DATA RECORDS

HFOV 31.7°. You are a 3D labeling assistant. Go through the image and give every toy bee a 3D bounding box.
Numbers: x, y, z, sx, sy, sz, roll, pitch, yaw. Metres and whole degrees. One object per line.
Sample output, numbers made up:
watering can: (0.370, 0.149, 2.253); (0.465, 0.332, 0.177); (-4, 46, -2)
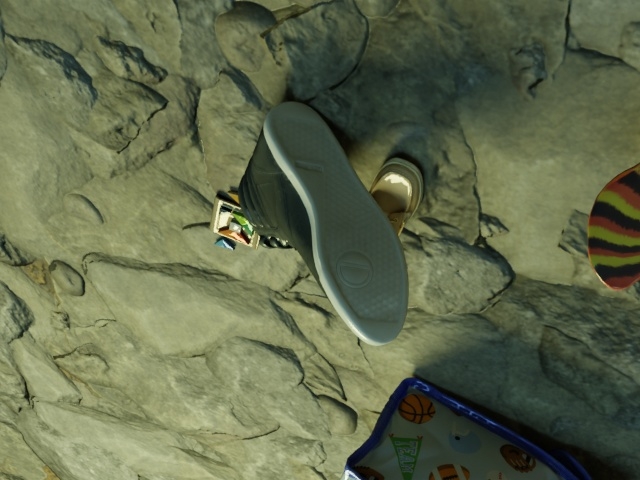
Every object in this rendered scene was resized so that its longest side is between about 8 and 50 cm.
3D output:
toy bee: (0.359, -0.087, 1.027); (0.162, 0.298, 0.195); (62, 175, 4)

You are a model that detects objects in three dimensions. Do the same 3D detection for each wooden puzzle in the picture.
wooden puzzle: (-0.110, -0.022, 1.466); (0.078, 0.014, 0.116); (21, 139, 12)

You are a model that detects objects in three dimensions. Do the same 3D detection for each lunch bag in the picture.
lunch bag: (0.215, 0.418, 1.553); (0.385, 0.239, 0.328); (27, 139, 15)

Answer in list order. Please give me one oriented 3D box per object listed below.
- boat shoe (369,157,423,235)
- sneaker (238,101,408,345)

TASK INSTRUCTIONS
Search the listing above for "give" and copy every line that holds it.

TASK RESPONSE
HFOV 31.7°. You are a 3D labeling assistant. Go through the image and give every toy bee a 3D bounding box.
Answer in list order. Please give me one oriented 3D box per object listed below.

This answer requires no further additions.